▸ What is being asked
Set down every entry exactly as it was written.
Dataset excerpts: Begin
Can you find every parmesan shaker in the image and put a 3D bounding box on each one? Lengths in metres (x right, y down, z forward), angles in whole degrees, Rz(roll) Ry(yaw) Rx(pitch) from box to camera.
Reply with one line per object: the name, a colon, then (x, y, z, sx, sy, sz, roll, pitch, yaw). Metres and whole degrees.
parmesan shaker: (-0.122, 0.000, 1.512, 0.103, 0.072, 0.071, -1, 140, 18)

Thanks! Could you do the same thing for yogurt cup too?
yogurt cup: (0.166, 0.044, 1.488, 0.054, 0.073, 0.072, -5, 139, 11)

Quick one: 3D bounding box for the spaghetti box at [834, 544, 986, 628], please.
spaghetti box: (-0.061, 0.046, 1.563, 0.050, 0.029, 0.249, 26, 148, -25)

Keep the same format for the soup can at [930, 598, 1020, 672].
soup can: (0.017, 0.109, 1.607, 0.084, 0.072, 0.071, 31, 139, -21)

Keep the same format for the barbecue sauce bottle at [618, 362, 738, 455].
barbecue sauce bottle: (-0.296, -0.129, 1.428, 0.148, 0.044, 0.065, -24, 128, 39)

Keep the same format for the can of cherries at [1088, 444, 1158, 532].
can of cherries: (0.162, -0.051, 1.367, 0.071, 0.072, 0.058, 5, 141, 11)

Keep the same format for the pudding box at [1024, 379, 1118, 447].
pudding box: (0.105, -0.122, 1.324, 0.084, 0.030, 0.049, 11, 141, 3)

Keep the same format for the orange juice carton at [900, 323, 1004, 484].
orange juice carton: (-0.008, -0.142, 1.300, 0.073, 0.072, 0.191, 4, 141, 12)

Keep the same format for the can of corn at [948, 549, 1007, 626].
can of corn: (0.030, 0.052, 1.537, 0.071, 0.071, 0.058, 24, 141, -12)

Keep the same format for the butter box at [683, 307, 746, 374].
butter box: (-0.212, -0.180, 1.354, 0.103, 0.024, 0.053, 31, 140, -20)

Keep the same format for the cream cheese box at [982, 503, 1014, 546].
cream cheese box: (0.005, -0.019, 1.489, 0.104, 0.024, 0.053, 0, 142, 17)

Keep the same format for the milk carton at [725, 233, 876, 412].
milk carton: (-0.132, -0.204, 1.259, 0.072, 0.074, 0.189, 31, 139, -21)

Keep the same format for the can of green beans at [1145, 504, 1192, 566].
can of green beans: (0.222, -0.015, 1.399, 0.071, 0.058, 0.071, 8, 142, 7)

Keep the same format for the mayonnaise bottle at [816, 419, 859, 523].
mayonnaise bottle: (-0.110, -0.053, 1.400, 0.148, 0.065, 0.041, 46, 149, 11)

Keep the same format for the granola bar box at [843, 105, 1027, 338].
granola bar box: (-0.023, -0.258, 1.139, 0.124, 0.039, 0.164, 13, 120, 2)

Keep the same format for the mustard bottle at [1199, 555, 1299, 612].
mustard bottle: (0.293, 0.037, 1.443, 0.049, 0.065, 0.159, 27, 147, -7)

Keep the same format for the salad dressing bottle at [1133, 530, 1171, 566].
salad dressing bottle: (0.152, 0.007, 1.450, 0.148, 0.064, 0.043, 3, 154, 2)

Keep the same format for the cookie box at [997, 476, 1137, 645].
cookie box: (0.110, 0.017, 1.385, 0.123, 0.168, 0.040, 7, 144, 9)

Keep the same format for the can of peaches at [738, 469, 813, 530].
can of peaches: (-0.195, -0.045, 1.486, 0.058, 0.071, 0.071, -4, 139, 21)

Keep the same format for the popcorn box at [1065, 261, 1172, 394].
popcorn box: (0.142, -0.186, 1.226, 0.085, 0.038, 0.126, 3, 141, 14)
Dataset excerpts: End
▸ Exercise answer
Can you find every parmesan shaker in the image and put a 3D bounding box on each one? Lengths in metres (x right, y down, z forward), angles in whole degrees, Rz(roll) Ry(yaw) Rx(pitch) from box to camera.
Reply with one line per object: the name, a colon, then (x, y, z, sx, sy, sz, roll, pitch, yaw). Metres and whole degrees.
parmesan shaker: (-0.122, 0.000, 1.512, 0.103, 0.072, 0.071, -1, 140, 18)

Thanks! Could you do the same thing for yogurt cup too?
yogurt cup: (0.166, 0.044, 1.488, 0.054, 0.073, 0.072, -5, 139, 11)

Quick one: 3D bounding box for the spaghetti box at [834, 544, 986, 628], please.
spaghetti box: (-0.061, 0.046, 1.563, 0.050, 0.029, 0.249, 26, 148, -25)

Keep the same format for the soup can at [930, 598, 1020, 672].
soup can: (0.017, 0.109, 1.607, 0.084, 0.072, 0.071, 31, 139, -21)

Keep the same format for the barbecue sauce bottle at [618, 362, 738, 455].
barbecue sauce bottle: (-0.296, -0.129, 1.428, 0.148, 0.044, 0.065, -24, 128, 39)

Keep the same format for the can of cherries at [1088, 444, 1158, 532].
can of cherries: (0.162, -0.051, 1.367, 0.071, 0.072, 0.058, 5, 141, 11)

Keep the same format for the pudding box at [1024, 379, 1118, 447].
pudding box: (0.105, -0.122, 1.324, 0.084, 0.030, 0.049, 11, 141, 3)

Keep the same format for the orange juice carton at [900, 323, 1004, 484].
orange juice carton: (-0.008, -0.142, 1.300, 0.073, 0.072, 0.191, 4, 141, 12)

Keep the same format for the can of corn at [948, 549, 1007, 626].
can of corn: (0.030, 0.052, 1.537, 0.071, 0.071, 0.058, 24, 141, -12)

Keep the same format for the butter box at [683, 307, 746, 374].
butter box: (-0.212, -0.180, 1.354, 0.103, 0.024, 0.053, 31, 140, -20)

Keep the same format for the cream cheese box at [982, 503, 1014, 546].
cream cheese box: (0.005, -0.019, 1.489, 0.104, 0.024, 0.053, 0, 142, 17)

Keep the same format for the milk carton at [725, 233, 876, 412].
milk carton: (-0.132, -0.204, 1.259, 0.072, 0.074, 0.189, 31, 139, -21)

Keep the same format for the can of green beans at [1145, 504, 1192, 566].
can of green beans: (0.222, -0.015, 1.399, 0.071, 0.058, 0.071, 8, 142, 7)

Keep the same format for the mayonnaise bottle at [816, 419, 859, 523].
mayonnaise bottle: (-0.110, -0.053, 1.400, 0.148, 0.065, 0.041, 46, 149, 11)

Keep the same format for the granola bar box at [843, 105, 1027, 338].
granola bar box: (-0.023, -0.258, 1.139, 0.124, 0.039, 0.164, 13, 120, 2)

Keep the same format for the mustard bottle at [1199, 555, 1299, 612].
mustard bottle: (0.293, 0.037, 1.443, 0.049, 0.065, 0.159, 27, 147, -7)

Keep the same format for the salad dressing bottle at [1133, 530, 1171, 566].
salad dressing bottle: (0.152, 0.007, 1.450, 0.148, 0.064, 0.043, 3, 154, 2)

Keep the same format for the cookie box at [997, 476, 1137, 645].
cookie box: (0.110, 0.017, 1.385, 0.123, 0.168, 0.040, 7, 144, 9)

Keep the same format for the can of peaches at [738, 469, 813, 530].
can of peaches: (-0.195, -0.045, 1.486, 0.058, 0.071, 0.071, -4, 139, 21)

Keep the same format for the popcorn box at [1065, 261, 1172, 394].
popcorn box: (0.142, -0.186, 1.226, 0.085, 0.038, 0.126, 3, 141, 14)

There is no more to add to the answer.